Lorsque l’automutilation est associée à la dépression, les antidépresseurs et autres traitements médicamenteux peuvent aider. Sinon il existe d’autres approches qui consistent à occuper l’esprit grâce à des activités ou de remplacer l’automutilation par des méthodes beaucoup plus safe pour la personne ! Quand j’étais plus jeune le fait de se dessiner un papillon sur le bras aidait certaines personnes à lutter (ça s’appelait le Butterfly Project je crois).

Il n’existe pas vraiment de solutions miracles pour arrêter de se mutiler mais vous pouvez essayer de :

  • Dépasser le besoin de se mutiler : en allant quelque part où vous ne pourrez pas le faire (dans un lieu public, boire un coup avec des amis ect, rejoindre votre famille au salon..)
  • Appelez quelqu’un. Si vous êtes seul chez vous sans pouvoir sortir et que vous avez très envie de vous mutiler, appelez quelqu’un à qui vous aimez vous confier
  • Trouvez une distraction. Se distraire est une excellente façon de ne pas avoir envie de s’automutiler.

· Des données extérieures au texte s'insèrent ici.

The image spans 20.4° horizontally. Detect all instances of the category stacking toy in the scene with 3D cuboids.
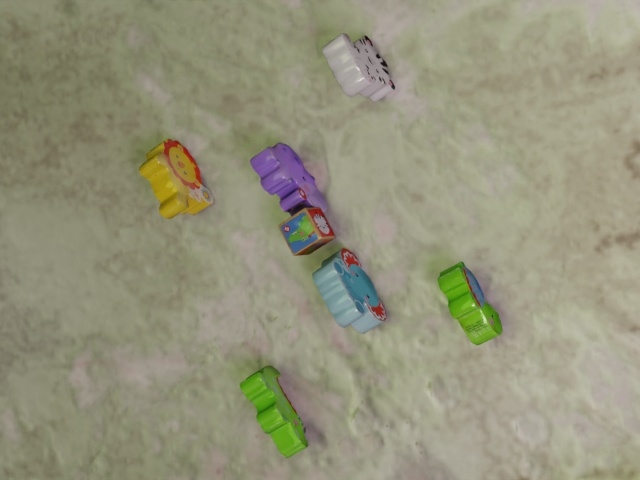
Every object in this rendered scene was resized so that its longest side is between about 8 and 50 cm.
[{"bbox_3d":[0.000,0.000,1.108,0.167,0.052,0.221,-31,78,23],"label":"stacking toy"}]
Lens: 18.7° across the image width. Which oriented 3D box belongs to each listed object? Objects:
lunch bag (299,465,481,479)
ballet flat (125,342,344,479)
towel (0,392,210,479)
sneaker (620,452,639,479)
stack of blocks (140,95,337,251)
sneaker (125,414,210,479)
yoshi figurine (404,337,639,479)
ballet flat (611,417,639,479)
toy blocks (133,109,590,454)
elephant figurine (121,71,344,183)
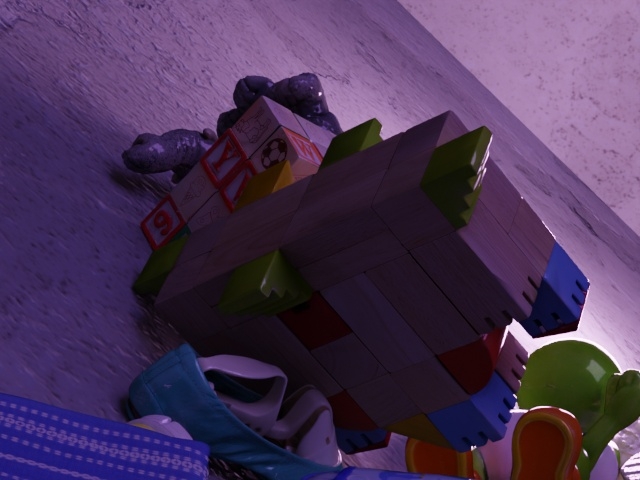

Toutes les techniques de distraction ne fonctionnent pas pour tout le monde, donc vous devrez peut-être en essayer quelques-unes avant de trouver celle qui fonctionne pour vous.
  • Repoussez le moment de la mutilation. Lorsque le besoin de vous mutiler se fait sentir, repoussez ce moment. Commencez par repousser d’un petit moment, par exemple de 10 minutes, puis augmentez chaque fois ce temps d’attente. Chaque moment d’attente est une petite victoire !!
  • Évacuez tous les objets déclencheurs. Si vous voulez prévenir l’arrivée d’un nouvel épisode de mutilation, vous devez évacuer tous les objets que vous utilisez habituellement pour arriver à vos fins. Débarrassez-vous de tous les objets que vous avez déjà utilisés pour vous mutiler. Si vous devez passer du temps à rechercher un objet pour vous faire du mal, votre envie passera peut-être.
  • La relaxation, il existe quelques exercices très simples !

 

Si aucune de ces solutions fonctionnent vous pouvez envisagez de suivre une thérapie de groupe, au sein de laquelle vous vous rendrez compte que vous n’êtes pas le seul à lutter contre ce genre de problème. Vous pouvez aussi consulter votre médecin traitant et demandez-lui qu’il vous conseille un thérapeute ou un psychologue spécialisé dans les problèmes d’automutilation !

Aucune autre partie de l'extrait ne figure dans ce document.